Ludwigschorgast — Franz Frosch lebt nicht mehr. Der beliebte Ludwigschorgaster starb am Dienstag im Alter von 66 Jahren.
Tief verwurzelt in der Kirche, war er Ministrant, später 30 Jahre in der Kirchenverwaltung tätig, zuletzt neun Jahre als Kirchenpfleger. In dieser Funktion wickelte er verschiedene Baumaßnahmen ab. Erst im vergangenen Jahr wurden der Kirchturm neu mit Schiefer eingedeckt, die Ziegel des Langhausdaches ausgetauscht und das Tragwerk des Daches saniert.
Auch der Kindergartenanbau mit der Krippe fiel in seine Zeit. Für die Marktgemeinde erwies sich der Verstorbene stets als angenehmer Gesprächspartner. Auf Konfrontation zu gehen, war nie sein Ding, er kannte kein böses Wort. Als bescheidener, hilfsbereiter und freundlicher Mensch bleibt er in Erinnerung. Aufgewachsen war Frosch in Ludwigschorgast mit einem Bruder und einer Schwester.
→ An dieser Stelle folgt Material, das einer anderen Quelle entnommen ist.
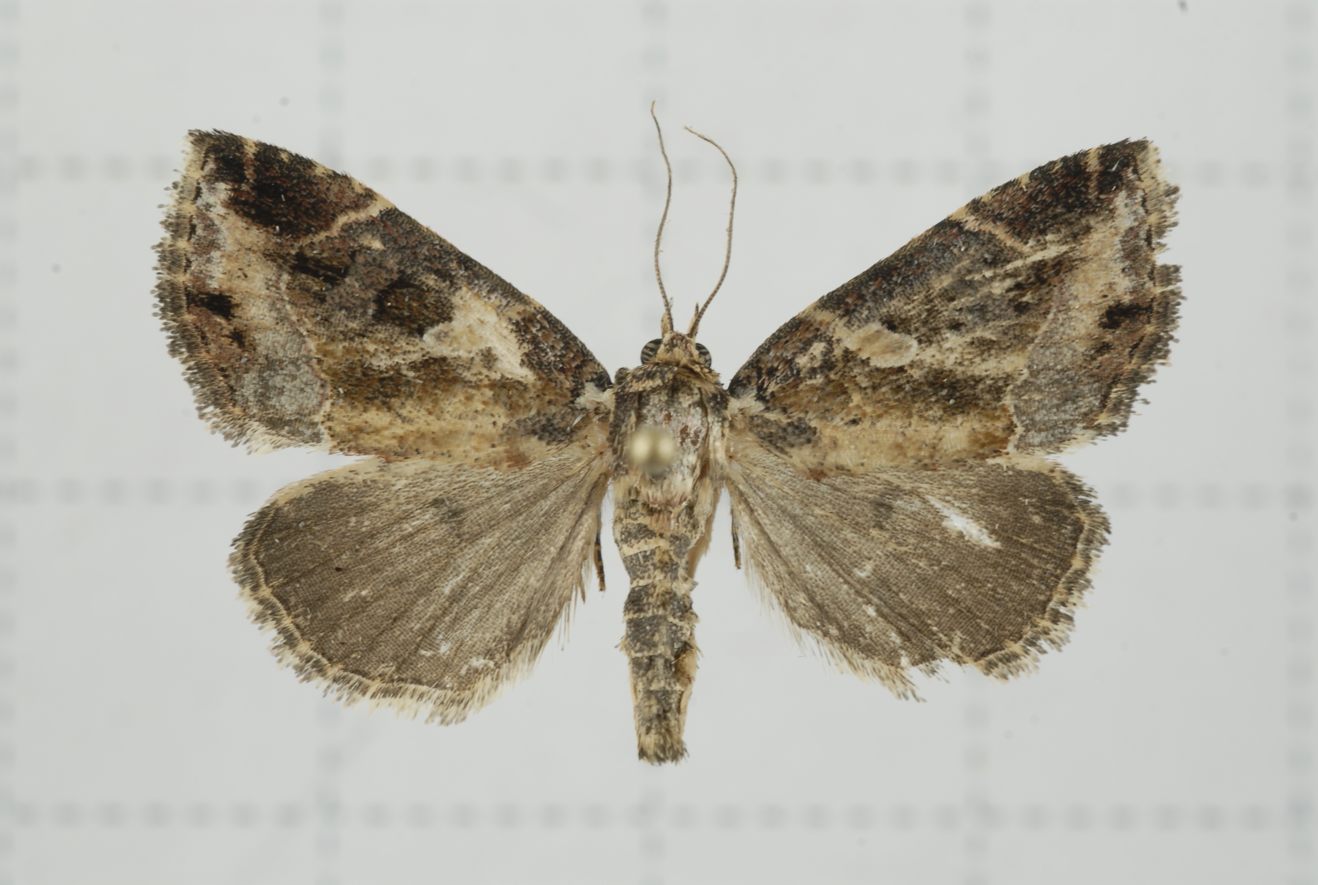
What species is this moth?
Pseudodeltote postvittata
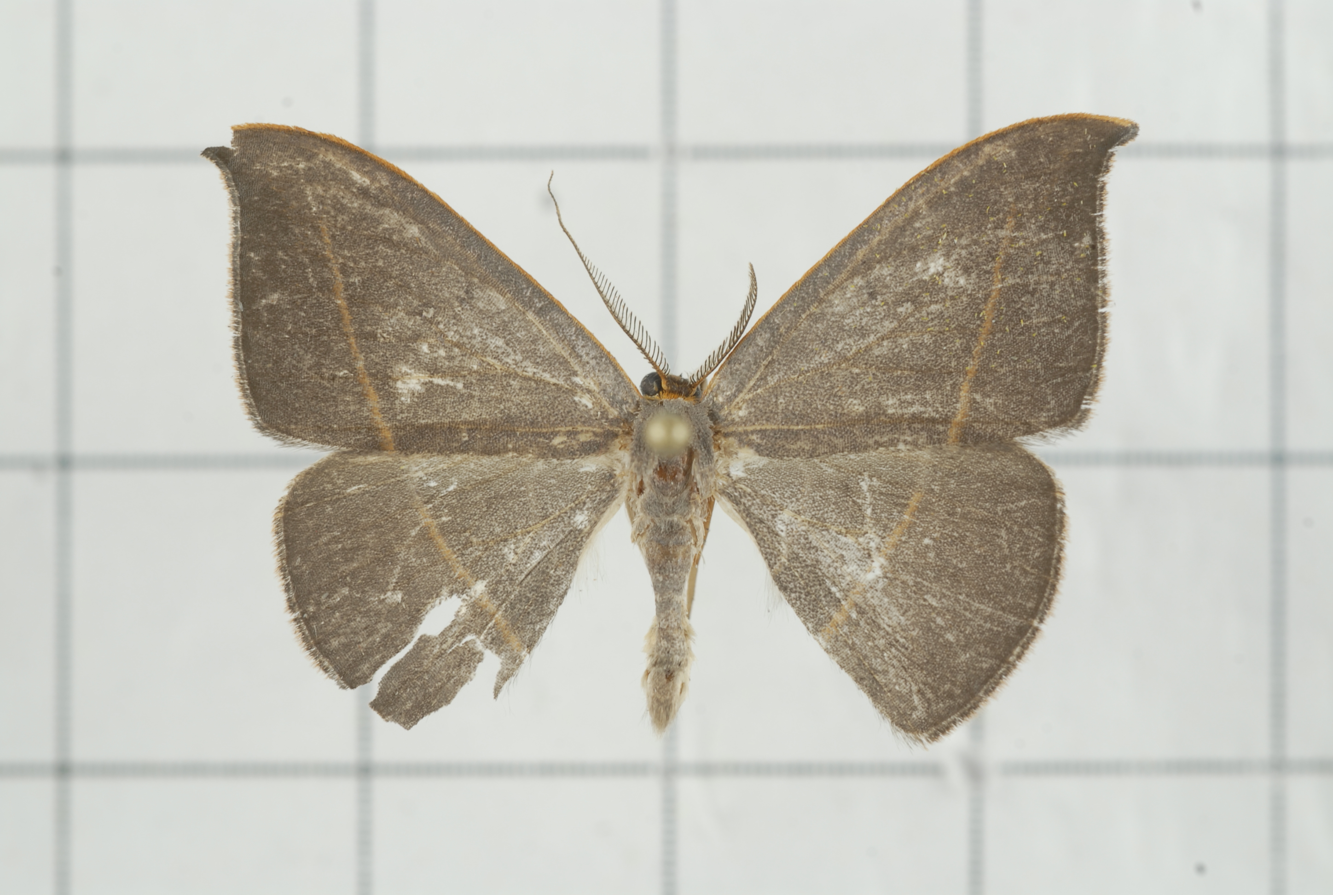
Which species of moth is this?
Microblepsis violacea

Sein Lebensmittelpunkt war seine Familie, seine Frau Marianne und die beiden Söhne Andreas und Christian.
Der gebürtige Stadtsteinacher absolvierte zunächst eine Lehre als Maschinenschlosser. Vor seinem Ruhestand arbeitete er 25 Jahre lang bei der Firma Wabag in Kulmbach. Als Diplomingenieur war er zuständig für den Bau von Wasseraufbereitungsanlagen. Seine Hobbys waren das Bergwandern, die Bienenzucht und das Gärtnern.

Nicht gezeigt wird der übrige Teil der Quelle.